Galera – Limitations of Galera Cluster compared to standalone MySQL

Galera is a quite useful piece of technology that allows us to build highly available database clusters. This is one of the reasons why we are hearing questions about it a lot during our MySQL consulting activities. If you wonder what it is, we have an introductory post that explains basic concepts and features of Galera Cluster.

Obviously, every solution has its limitations and Galera Cluster is no different in that. Given that we hear questions about the limitations of Galera quite a lot while working on consulting arrangements, this is why we wanted to create this blog where we would focus on the practical constraints caused by Galera Cluster limitations.
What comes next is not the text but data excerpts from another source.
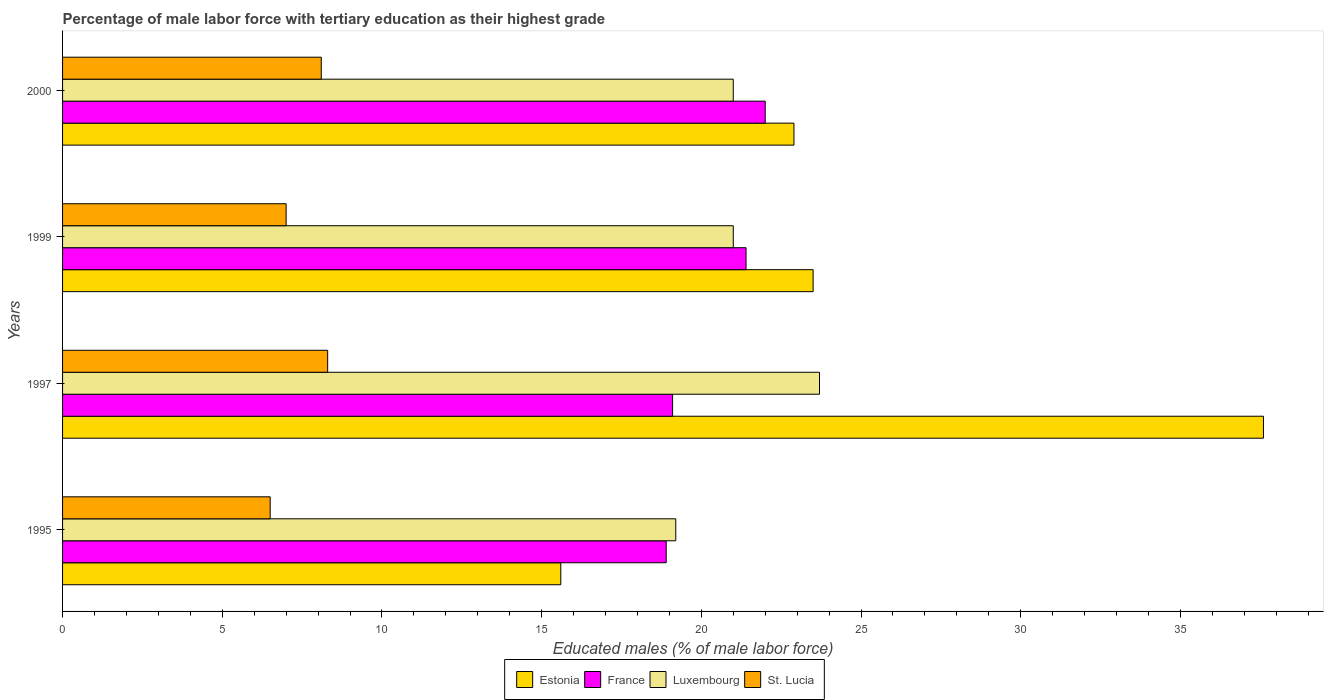How many different coloured bars are there?
Provide a succinct answer. 4. How many groups of bars are there?
Provide a short and direct response. 4. Are the number of bars per tick equal to the number of legend labels?
Offer a terse response. Yes. What is the label of the 4th group of bars from the top?
Give a very brief answer. 1995. What is the percentage of male labor force with tertiary education in Estonia in 1997?
Offer a very short reply. 37.6. Across all years, what is the maximum percentage of male labor force with tertiary education in St. Lucia?
Provide a short and direct response. 8.3. Across all years, what is the minimum percentage of male labor force with tertiary education in Luxembourg?
Offer a terse response. 19.2. In which year was the percentage of male labor force with tertiary education in France minimum?
Your answer should be very brief. 1995. What is the total percentage of male labor force with tertiary education in Luxembourg in the graph?
Make the answer very short. 84.9. What is the difference between the percentage of male labor force with tertiary education in Luxembourg in 1995 and that in 2000?
Provide a succinct answer. -1.8. What is the difference between the percentage of male labor force with tertiary education in St. Lucia in 2000 and the percentage of male labor force with tertiary education in Estonia in 1995?
Offer a terse response. -7.5. What is the average percentage of male labor force with tertiary education in St. Lucia per year?
Your answer should be very brief. 7.48. In the year 1999, what is the difference between the percentage of male labor force with tertiary education in France and percentage of male labor force with tertiary education in Luxembourg?
Ensure brevity in your answer.  0.4. In how many years, is the percentage of male labor force with tertiary education in Luxembourg greater than 10 %?
Provide a succinct answer. 4. What is the ratio of the percentage of male labor force with tertiary education in France in 1997 to that in 2000?
Your response must be concise. 0.87. Is the difference between the percentage of male labor force with tertiary education in France in 1995 and 1997 greater than the difference between the percentage of male labor force with tertiary education in Luxembourg in 1995 and 1997?
Keep it short and to the point. Yes. What is the difference between the highest and the second highest percentage of male labor force with tertiary education in France?
Ensure brevity in your answer.  0.6. In how many years, is the percentage of male labor force with tertiary education in France greater than the average percentage of male labor force with tertiary education in France taken over all years?
Your response must be concise. 2. Is the sum of the percentage of male labor force with tertiary education in France in 1995 and 2000 greater than the maximum percentage of male labor force with tertiary education in St. Lucia across all years?
Provide a succinct answer. Yes. What does the 4th bar from the top in 1997 represents?
Give a very brief answer. Estonia. What does the 3rd bar from the bottom in 1995 represents?
Provide a short and direct response. Luxembourg. How many years are there in the graph?
Provide a short and direct response. 4. What is the difference between two consecutive major ticks on the X-axis?
Provide a short and direct response. 5. Does the graph contain any zero values?
Offer a terse response. No. Does the graph contain grids?
Your response must be concise. No. What is the title of the graph?
Provide a short and direct response. Percentage of male labor force with tertiary education as their highest grade. What is the label or title of the X-axis?
Ensure brevity in your answer.  Educated males (% of male labor force). What is the label or title of the Y-axis?
Your answer should be compact. Years. What is the Educated males (% of male labor force) in Estonia in 1995?
Offer a very short reply. 15.6. What is the Educated males (% of male labor force) of France in 1995?
Provide a short and direct response. 18.9. What is the Educated males (% of male labor force) in Luxembourg in 1995?
Provide a succinct answer. 19.2. What is the Educated males (% of male labor force) in St. Lucia in 1995?
Your answer should be very brief. 6.5. What is the Educated males (% of male labor force) of Estonia in 1997?
Make the answer very short. 37.6. What is the Educated males (% of male labor force) of France in 1997?
Ensure brevity in your answer.  19.1. What is the Educated males (% of male labor force) of Luxembourg in 1997?
Your answer should be very brief. 23.7. What is the Educated males (% of male labor force) of St. Lucia in 1997?
Offer a terse response. 8.3. What is the Educated males (% of male labor force) of Estonia in 1999?
Give a very brief answer. 23.5. What is the Educated males (% of male labor force) of France in 1999?
Ensure brevity in your answer.  21.4. What is the Educated males (% of male labor force) of Luxembourg in 1999?
Provide a succinct answer. 21. What is the Educated males (% of male labor force) of Estonia in 2000?
Offer a very short reply. 22.9. What is the Educated males (% of male labor force) in France in 2000?
Give a very brief answer. 22. What is the Educated males (% of male labor force) of St. Lucia in 2000?
Keep it short and to the point. 8.1. Across all years, what is the maximum Educated males (% of male labor force) of Estonia?
Provide a succinct answer. 37.6. Across all years, what is the maximum Educated males (% of male labor force) in France?
Offer a very short reply. 22. Across all years, what is the maximum Educated males (% of male labor force) of Luxembourg?
Make the answer very short. 23.7. Across all years, what is the maximum Educated males (% of male labor force) in St. Lucia?
Ensure brevity in your answer.  8.3. Across all years, what is the minimum Educated males (% of male labor force) in Estonia?
Keep it short and to the point. 15.6. Across all years, what is the minimum Educated males (% of male labor force) of France?
Your answer should be compact. 18.9. Across all years, what is the minimum Educated males (% of male labor force) of Luxembourg?
Provide a succinct answer. 19.2. Across all years, what is the minimum Educated males (% of male labor force) of St. Lucia?
Make the answer very short. 6.5. What is the total Educated males (% of male labor force) of Estonia in the graph?
Provide a succinct answer. 99.6. What is the total Educated males (% of male labor force) in France in the graph?
Give a very brief answer. 81.4. What is the total Educated males (% of male labor force) of Luxembourg in the graph?
Offer a terse response. 84.9. What is the total Educated males (% of male labor force) of St. Lucia in the graph?
Offer a terse response. 29.9. What is the difference between the Educated males (% of male labor force) of St. Lucia in 1995 and that in 1997?
Provide a short and direct response. -1.8. What is the difference between the Educated males (% of male labor force) in Estonia in 1995 and that in 1999?
Offer a terse response. -7.9. What is the difference between the Educated males (% of male labor force) in France in 1995 and that in 1999?
Keep it short and to the point. -2.5. What is the difference between the Educated males (% of male labor force) of Luxembourg in 1995 and that in 1999?
Provide a succinct answer. -1.8. What is the difference between the Educated males (% of male labor force) in Estonia in 1995 and that in 2000?
Your answer should be very brief. -7.3. What is the difference between the Educated males (% of male labor force) of Estonia in 1997 and that in 1999?
Keep it short and to the point. 14.1. What is the difference between the Educated males (% of male labor force) in France in 1997 and that in 1999?
Provide a succinct answer. -2.3. What is the difference between the Educated males (% of male labor force) of St. Lucia in 1997 and that in 1999?
Offer a terse response. 1.3. What is the difference between the Educated males (% of male labor force) of St. Lucia in 1999 and that in 2000?
Keep it short and to the point. -1.1. What is the difference between the Educated males (% of male labor force) in Estonia in 1995 and the Educated males (% of male labor force) in France in 1997?
Provide a succinct answer. -3.5. What is the difference between the Educated males (% of male labor force) in Estonia in 1995 and the Educated males (% of male labor force) in St. Lucia in 1997?
Keep it short and to the point. 7.3. What is the difference between the Educated males (% of male labor force) of France in 1995 and the Educated males (% of male labor force) of Luxembourg in 1997?
Make the answer very short. -4.8. What is the difference between the Educated males (% of male labor force) of France in 1995 and the Educated males (% of male labor force) of St. Lucia in 1997?
Offer a very short reply. 10.6. What is the difference between the Educated males (% of male labor force) in Estonia in 1995 and the Educated males (% of male labor force) in France in 1999?
Provide a short and direct response. -5.8. What is the difference between the Educated males (% of male labor force) in France in 1995 and the Educated males (% of male labor force) in St. Lucia in 1999?
Make the answer very short. 11.9. What is the difference between the Educated males (% of male labor force) in Luxembourg in 1995 and the Educated males (% of male labor force) in St. Lucia in 1999?
Offer a terse response. 12.2. What is the difference between the Educated males (% of male labor force) of Estonia in 1995 and the Educated males (% of male labor force) of St. Lucia in 2000?
Ensure brevity in your answer.  7.5. What is the difference between the Educated males (% of male labor force) of France in 1995 and the Educated males (% of male labor force) of Luxembourg in 2000?
Make the answer very short. -2.1. What is the difference between the Educated males (% of male labor force) of Estonia in 1997 and the Educated males (% of male labor force) of Luxembourg in 1999?
Your answer should be very brief. 16.6. What is the difference between the Educated males (% of male labor force) in Estonia in 1997 and the Educated males (% of male labor force) in St. Lucia in 1999?
Keep it short and to the point. 30.6. What is the difference between the Educated males (% of male labor force) in France in 1997 and the Educated males (% of male labor force) in St. Lucia in 1999?
Your response must be concise. 12.1. What is the difference between the Educated males (% of male labor force) in Estonia in 1997 and the Educated males (% of male labor force) in France in 2000?
Keep it short and to the point. 15.6. What is the difference between the Educated males (% of male labor force) in Estonia in 1997 and the Educated males (% of male labor force) in St. Lucia in 2000?
Keep it short and to the point. 29.5. What is the difference between the Educated males (% of male labor force) of France in 1997 and the Educated males (% of male labor force) of St. Lucia in 2000?
Provide a succinct answer. 11. What is the difference between the Educated males (% of male labor force) in France in 1999 and the Educated males (% of male labor force) in Luxembourg in 2000?
Give a very brief answer. 0.4. What is the difference between the Educated males (% of male labor force) of France in 1999 and the Educated males (% of male labor force) of St. Lucia in 2000?
Give a very brief answer. 13.3. What is the average Educated males (% of male labor force) of Estonia per year?
Make the answer very short. 24.9. What is the average Educated males (% of male labor force) of France per year?
Make the answer very short. 20.35. What is the average Educated males (% of male labor force) in Luxembourg per year?
Make the answer very short. 21.23. What is the average Educated males (% of male labor force) of St. Lucia per year?
Your answer should be compact. 7.47. In the year 1995, what is the difference between the Educated males (% of male labor force) in Estonia and Educated males (% of male labor force) in France?
Give a very brief answer. -3.3. In the year 1995, what is the difference between the Educated males (% of male labor force) in Estonia and Educated males (% of male labor force) in St. Lucia?
Make the answer very short. 9.1. In the year 1995, what is the difference between the Educated males (% of male labor force) in Luxembourg and Educated males (% of male labor force) in St. Lucia?
Offer a very short reply. 12.7. In the year 1997, what is the difference between the Educated males (% of male labor force) in Estonia and Educated males (% of male labor force) in France?
Make the answer very short. 18.5. In the year 1997, what is the difference between the Educated males (% of male labor force) of Estonia and Educated males (% of male labor force) of Luxembourg?
Provide a succinct answer. 13.9. In the year 1997, what is the difference between the Educated males (% of male labor force) of Estonia and Educated males (% of male labor force) of St. Lucia?
Your response must be concise. 29.3. In the year 1997, what is the difference between the Educated males (% of male labor force) in France and Educated males (% of male labor force) in St. Lucia?
Make the answer very short. 10.8. In the year 1999, what is the difference between the Educated males (% of male labor force) in Estonia and Educated males (% of male labor force) in Luxembourg?
Your response must be concise. 2.5. In the year 1999, what is the difference between the Educated males (% of male labor force) of France and Educated males (% of male labor force) of Luxembourg?
Provide a short and direct response. 0.4. In the year 1999, what is the difference between the Educated males (% of male labor force) of France and Educated males (% of male labor force) of St. Lucia?
Keep it short and to the point. 14.4. In the year 1999, what is the difference between the Educated males (% of male labor force) of Luxembourg and Educated males (% of male labor force) of St. Lucia?
Give a very brief answer. 14. In the year 2000, what is the difference between the Educated males (% of male labor force) of France and Educated males (% of male labor force) of Luxembourg?
Make the answer very short. 1. What is the ratio of the Educated males (% of male labor force) of Estonia in 1995 to that in 1997?
Provide a short and direct response. 0.41. What is the ratio of the Educated males (% of male labor force) of Luxembourg in 1995 to that in 1997?
Keep it short and to the point. 0.81. What is the ratio of the Educated males (% of male labor force) in St. Lucia in 1995 to that in 1997?
Offer a very short reply. 0.78. What is the ratio of the Educated males (% of male labor force) in Estonia in 1995 to that in 1999?
Keep it short and to the point. 0.66. What is the ratio of the Educated males (% of male labor force) of France in 1995 to that in 1999?
Your answer should be compact. 0.88. What is the ratio of the Educated males (% of male labor force) in Luxembourg in 1995 to that in 1999?
Your answer should be compact. 0.91. What is the ratio of the Educated males (% of male labor force) in Estonia in 1995 to that in 2000?
Keep it short and to the point. 0.68. What is the ratio of the Educated males (% of male labor force) in France in 1995 to that in 2000?
Your answer should be very brief. 0.86. What is the ratio of the Educated males (% of male labor force) in Luxembourg in 1995 to that in 2000?
Keep it short and to the point. 0.91. What is the ratio of the Educated males (% of male labor force) in St. Lucia in 1995 to that in 2000?
Provide a succinct answer. 0.8. What is the ratio of the Educated males (% of male labor force) in Estonia in 1997 to that in 1999?
Ensure brevity in your answer.  1.6. What is the ratio of the Educated males (% of male labor force) in France in 1997 to that in 1999?
Provide a short and direct response. 0.89. What is the ratio of the Educated males (% of male labor force) in Luxembourg in 1997 to that in 1999?
Offer a terse response. 1.13. What is the ratio of the Educated males (% of male labor force) of St. Lucia in 1997 to that in 1999?
Provide a short and direct response. 1.19. What is the ratio of the Educated males (% of male labor force) in Estonia in 1997 to that in 2000?
Offer a very short reply. 1.64. What is the ratio of the Educated males (% of male labor force) of France in 1997 to that in 2000?
Your answer should be very brief. 0.87. What is the ratio of the Educated males (% of male labor force) of Luxembourg in 1997 to that in 2000?
Provide a succinct answer. 1.13. What is the ratio of the Educated males (% of male labor force) of St. Lucia in 1997 to that in 2000?
Ensure brevity in your answer.  1.02. What is the ratio of the Educated males (% of male labor force) in Estonia in 1999 to that in 2000?
Offer a very short reply. 1.03. What is the ratio of the Educated males (% of male labor force) of France in 1999 to that in 2000?
Your answer should be very brief. 0.97. What is the ratio of the Educated males (% of male labor force) in St. Lucia in 1999 to that in 2000?
Keep it short and to the point. 0.86. What is the difference between the highest and the second highest Educated males (% of male labor force) in France?
Your response must be concise. 0.6. What is the difference between the highest and the second highest Educated males (% of male labor force) in Luxembourg?
Your answer should be compact. 2.7. What is the difference between the highest and the lowest Educated males (% of male labor force) in Estonia?
Offer a very short reply. 22. What is the difference between the highest and the lowest Educated males (% of male labor force) of St. Lucia?
Keep it short and to the point. 1.8.

What are the limitations of Galera Cluster?

It doesn’t matter if you are running Galera Cluster, Percona XtraDB Cluster or MariaDB Cluster, neither of those solutions is a drop-in replacement for regular MySQL, Percona Server for MySQL or MariaDB. This is a quite common misconception across MySQL users. Yes, it is very similar, yes, it also shares the full dataset across all nodes but it’s not exactly the same. Let’s take a look at the differences between Galera and standalone MySQL.

Galera supports only InnoDB storage engine

MySQL is familiar for the variety of storage engines it comes with and supports. InnoDB, MyISAM, Spider, MyRocks and many more. Depending on the particular use case, the user is able to pick a storage engine that will work the best for such a case. Unfortunately, if you want to move to Galera Cluster, this flexibility is no longer the case. The only supported storage engine for Galera is InnoDB. There is experimental support for MyISAM, which was intended to help dealing with system database replication, but it’s been always marked as experimental and, as such, it’s not something a user should rely on in production.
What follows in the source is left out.